Codes such as ASCE7 and TIA 222 in the US and CSA S37 in Canada provide maps of the basic extreme wind and provide procedures for calculating the vertical wind profile based on terrain type and topographic influences. The procedures are based on Guidelines for speed up of wind as derived from meteorological considerations.
The Profcode application provides an interface for the user to enter the required parameters of Basic Wind Speed, Exposure Category, and Topographic specification (Type of feature, Height, Length) and performs the profile calculation according to the specified Building Code. The output is provided graphically as well as in spreadsheet file format to permit direct use of the results in design software or reporting.
As explained in detail for the Profile application, the codes generally require the specification of a single exposure category for the purpose of calculating the speed up. This can be for the entire surroundings of the tower site or for a particular wind direction sector of a minimum of 45 degree sector angle.This sets out minimum fetch distances surrounding the structure site for each of the exposure categories in order to qualify to use the category.
Version 1.1 of the app replaces the 3 categories of exposure by adopting the roughness length at the site as a continuous measure of exposure. The user specifies the roughness length either for a given sector or averaged over the eight sectors as obtained from land cover and land use maps as further explained below. The app interpolates the power law exponent and reduction factor and uses these to calculate the profile. The interpolation function matches the C exposure parameters at roughness of 0.03 m and the B exposure parameters at 0.3 m.
The main page of the app provides the user the choice of building code to use, as well as data entry for the MRI required and the basic wind speed for the site obtained generally from a map supplied by the regulator.

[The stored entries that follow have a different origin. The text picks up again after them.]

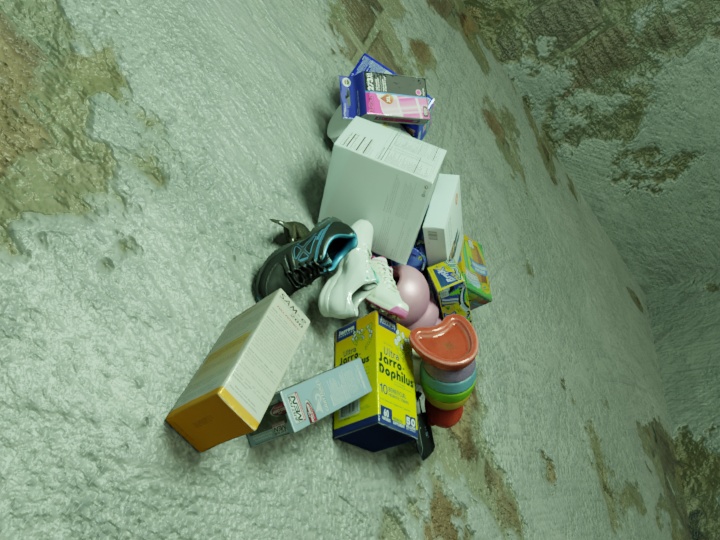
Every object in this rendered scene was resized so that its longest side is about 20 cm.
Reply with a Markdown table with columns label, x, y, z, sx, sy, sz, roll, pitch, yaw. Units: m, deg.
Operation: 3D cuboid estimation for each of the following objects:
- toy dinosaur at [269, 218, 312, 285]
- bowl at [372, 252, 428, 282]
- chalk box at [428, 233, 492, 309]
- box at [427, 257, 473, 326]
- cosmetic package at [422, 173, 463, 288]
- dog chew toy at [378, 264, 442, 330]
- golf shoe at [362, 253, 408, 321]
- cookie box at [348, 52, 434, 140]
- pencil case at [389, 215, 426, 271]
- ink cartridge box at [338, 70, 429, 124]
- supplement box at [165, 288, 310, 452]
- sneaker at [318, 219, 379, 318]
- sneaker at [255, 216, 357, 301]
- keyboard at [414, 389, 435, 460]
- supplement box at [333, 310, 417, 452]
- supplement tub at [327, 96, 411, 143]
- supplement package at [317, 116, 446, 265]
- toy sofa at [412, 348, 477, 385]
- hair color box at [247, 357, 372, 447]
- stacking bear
| label | x | y | z | sx | sy | sz | roll | pitch | yaw |
| --- | --- | --- | --- | --- | --- | --- | --- | --- | --- |
| toy dinosaur | -0.103 | -0.043 | 1.055 | 0.197 | 0.077 | 0.104 | 29 | 35 | -34 |
| bowl | 0.089 | -0.027 | 1.316 | 0.199 | 0.039 | 0.206 | 33 | 44 | -38 |
| chalk box | 0.233 | 0.029 | 1.399 | 0.123 | 0.122 | 0.206 | 23 | 50 | -43 |
| box | 0.196 | 0.069 | 1.240 | 0.202 | 0.063 | 0.071 | 70 | 0 | -48 |
| cosmetic package | 0.183 | -0.080 | 1.246 | 0.203 | 0.050 | 0.154 | 73 | 28 | -50 |
| dog chew toy | 0.109 | 0.082 | 1.207 | 0.200 | 0.122 | 0.127 | 47 | 36 | -36 |
| golf shoe | 0.033 | 0.023 | 1.077 | 0.074 | 0.093 | 0.199 | 29 | 3 | -38 |
| cookie box | 0.073 | -0.395 | 1.364 | 0.197 | 0.076 | 0.171 | 35 | -4 | 7 |
| pencil case | 0.122 | -0.075 | 1.284 | 0.077 | 0.087 | 0.202 | 31 | 40 | -7 |
| ink cartridge box | 0.052 | -0.367 | 1.223 | 0.194 | 0.037 | 0.098 | -2 | 80 | -20 |
| supplement box | -0.162 | 0.134 | 0.794 | 0.074 | 0.124 | 0.202 | 47 | 38 | -19 |
| sneaker | 0.000 | 0.000 | 1.039 | 0.076 | 0.086 | 0.204 | 56 | 48 | -49 |
| sneaker | -0.090 | -0.015 | 0.956 | 0.199 | 0.081 | 0.074 | -43 | 124 | -14 |
| keyboard | 0.114 | 0.285 | 1.092 | 0.200 | 0.020 | 0.131 | 46 | 34 | -73 |
| supplement box | 0.025 | 0.197 | 1.021 | 0.108 | 0.108 | 0.205 | 30 | 46 | -38 |
| supplement tub | 0.032 | -0.291 | 1.318 | 0.198 | 0.143 | 0.148 | 36 | 42 | -33 |
| supplement package | 0.040 | -0.159 | 1.135 | 0.195 | 0.195 | 0.148 | 22 | 38 | 6 |
| toy sofa | 0.166 | 0.184 | 1.216 | 0.197 | 0.081 | 0.101 | 9 | 90 | -50 |
| hair color box | -0.079 | 0.199 | 0.887 | 0.198 | 0.098 | 0.062 | -13 | 78 | -56 |
| stacking bear | 0.157 | 0.205 | 1.061 | 0.118 | 0.205 | 0.114 | -17 | 39 | -20 |
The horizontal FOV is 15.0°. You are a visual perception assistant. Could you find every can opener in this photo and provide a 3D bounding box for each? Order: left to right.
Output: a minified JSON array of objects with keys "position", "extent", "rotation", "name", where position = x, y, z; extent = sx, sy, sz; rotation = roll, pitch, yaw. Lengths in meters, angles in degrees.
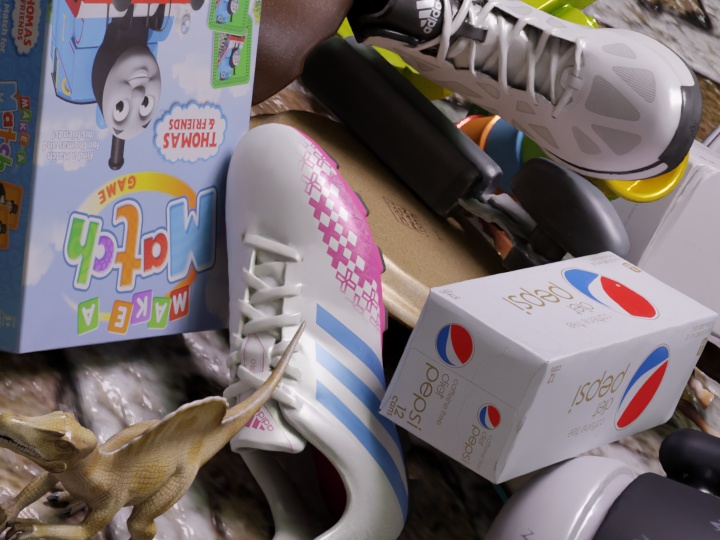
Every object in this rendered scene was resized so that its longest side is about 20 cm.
[{"position":[0.056,-0.056,1.407],"extent":[0.200,0.067,0.053],"rotation":[40,17,17],"name":"can opener"}]

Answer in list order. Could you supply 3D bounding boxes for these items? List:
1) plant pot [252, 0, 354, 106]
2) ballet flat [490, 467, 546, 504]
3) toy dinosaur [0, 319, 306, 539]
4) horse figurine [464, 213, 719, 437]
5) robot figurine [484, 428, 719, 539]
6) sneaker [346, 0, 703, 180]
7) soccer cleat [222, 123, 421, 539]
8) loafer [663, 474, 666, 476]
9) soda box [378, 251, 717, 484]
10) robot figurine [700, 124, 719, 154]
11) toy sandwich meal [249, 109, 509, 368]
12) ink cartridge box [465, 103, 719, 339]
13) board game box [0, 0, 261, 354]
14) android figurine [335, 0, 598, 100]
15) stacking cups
[{"position":[-0.112,-0.184,1.336],"extent":[0.198,0.200,0.201],"rotation":[32,29,-41],"name":"plant pot"},{"position":[0.136,0.154,1.342],"extent":[0.069,0.069,0.201],"rotation":[-3,56,-55],"name":"ballet flat"},{"position":[-0.084,0.079,1.100],"extent":[0.058,0.101,0.200],"rotation":[53,28,14],"name":"toy dinosaur"},{"position":[0.138,0.036,1.513],"extent":[0.199,0.050,0.133],"rotation":[16,28,-36],"name":"horse figurine"},{"position":[0.147,0.163,1.241],"extent":[0.199,0.126,0.150],"rotation":[21,33,20],"name":"robot figurine"},{"position":[0.065,-0.100,1.334],"extent":[0.115,0.076,0.200],"rotation":[11,12,-46],"name":"sneaker"},{"position":[-0.029,0.035,1.213],"extent":[0.086,0.070,0.201],"rotation":[-15,91,-49],"name":"soccer cleat"},{"position":[0.198,0.187,1.397],"extent":[0.070,0.075,0.201],"rotation":[40,29,-51],"name":"loafer"},{"position":[0.090,0.041,1.263],"extent":[0.068,0.064,0.200],"rotation":[30,19,23],"name":"soda box"},{"position":[0.281,-0.005,1.706],"extent":[0.200,0.113,0.170],"rotation":[45,-6,-3],"name":"robot figurine"},{"position":[0.000,0.000,1.367],"extent":[0.205,0.070,0.205],"rotation":[36,17,-13],"name":"toy sandwich meal"},{"position":[0.164,-0.037,1.540],"extent":[0.146,0.085,0.200],"rotation":[24,10,-35],"name":"ink cartridge box"},{"position":[-0.104,-0.070,1.200],"extent":[0.036,0.202,0.151],"rotation":[12,10,32],"name":"board game box"},{"position":[0.051,-0.169,1.537],"extent":[0.182,0.199,0.041],"rotation":[49,-17,21],"name":"android figurine"},{"position":[0.094,-0.058,1.463],"extent":[0.060,0.200,0.061],"rotation":[2,86,-29],"name":"stacking cups"}]
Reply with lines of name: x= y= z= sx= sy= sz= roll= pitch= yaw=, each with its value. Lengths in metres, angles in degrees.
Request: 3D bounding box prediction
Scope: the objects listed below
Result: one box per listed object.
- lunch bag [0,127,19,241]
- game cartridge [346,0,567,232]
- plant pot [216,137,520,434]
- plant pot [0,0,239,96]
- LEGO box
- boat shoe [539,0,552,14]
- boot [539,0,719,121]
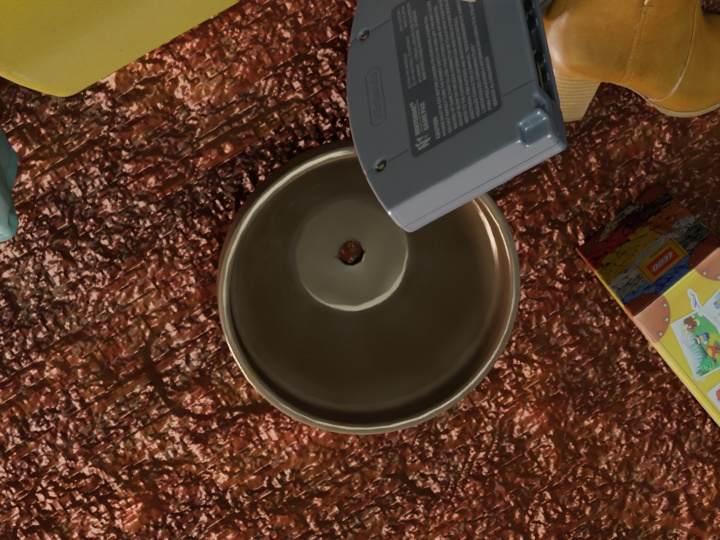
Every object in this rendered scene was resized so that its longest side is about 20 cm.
lunch bag: x=-0.336 y=-0.072 z=1.360 sx=0.199 sy=0.122 sz=0.171 roll=-20 pitch=126 yaw=5
game cartridge: x=0.054 y=-0.120 z=1.357 sx=0.133 sy=0.201 sz=0.040 roll=-25 pitch=135 yaw=21
plant pot: x=0.000 y=0.000 z=1.462 sx=0.200 sy=0.093 sz=0.202 roll=-3 pitch=110 yaw=-9
plant pot: x=-0.167 y=-0.218 z=1.255 sx=0.199 sy=0.200 sz=0.177 roll=-30 pitch=155 yaw=-2
LEGO box: x=0.251 y=0.053 z=1.493 sx=0.077 sy=0.149 sz=0.200 roll=-40 pitch=110 yaw=5
boat shoe: x=0.117 y=-0.184 z=1.430 sx=0.075 sy=0.062 sz=0.200 roll=15 pitch=116 yaw=-40
boot: x=0.203 y=-0.166 z=1.400 sx=0.200 sy=0.071 sz=0.144 roll=-14 pitch=148 yaw=-27
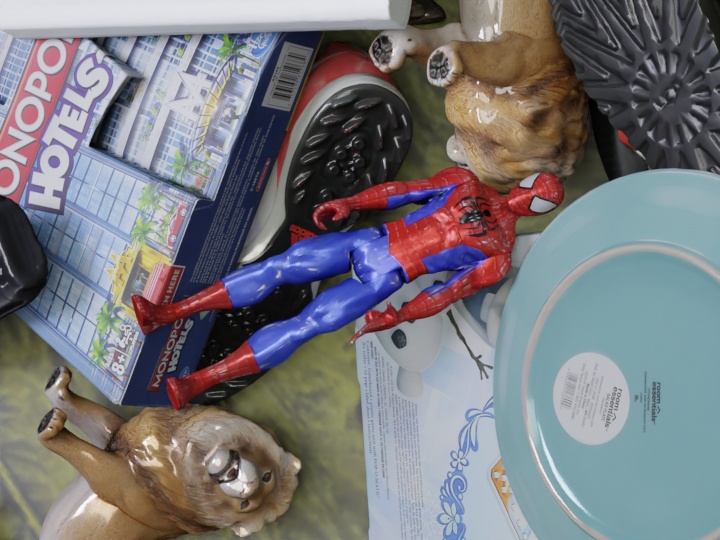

There is also the option to launch the terrain extraction app as shown below which is used to extract land use/land cover data from the 30m resolution mapping for North America and generate roughness length data for each of the 8 sectors surrounding the specified site at 200 m distance interval. This can then calculate the averaged roughness for specified fetch length in order to determine the dominant exposure class for the sector.
Selecting the ASCE7 option from the main page brings up the data entry screen where the user specifies the exposure category, the feature type and parameters as required and can calculate the profile. This can then be viewed as a plot or saved to excel file for further use in design software.
Selecting the S37-18 procedure brings up the screen shown below.
Unlike the ASCE7 and the TIA222, the S37-18 calculation requires the actual roughness lengths to be provided rather than the exposure category, The z01 roughness corresponds to the average for the sector on approach to the topographic feature, while the zh roughness is for the slope roughness and fetch length of the slope for the sector.
The Basic Wind speed is specified in either km/h or mph, and the topography type and H, L, as well as Lint (distance from crest) are specified.
When the profile is calculated, the parameters a1, a2 and a3 are calculated and displayed on screen. These correspond to the parameters used in the Environment Canada Site Specific equation to calculate the Qh profile at the tower site.
This calculation procedure can also be used in reverse. If you supply the a1, a2, and a3 parameters and leave the H, L blank, then the calculation will fill in the H and L on the screen. This can be used to determine the assumption made in an Environment Canada site specific report to verify the situation that was calculated in the report.
When the roughness lengths zh and z01 are different, as in this case, the profile will show a sharp break as shown in the example below. This arises because the EC calculation equation substitutes a power law profile for the logarithmic profile.
There is a corrected calculation available in Profcode which retains the logarithmic profile and avoids the mismatch in the profile as shown in the next figure.
Note also that the wind speed profile shows no mismatch at the top of the modified layer on the slope and also shows stronger speed up than the power law profile does.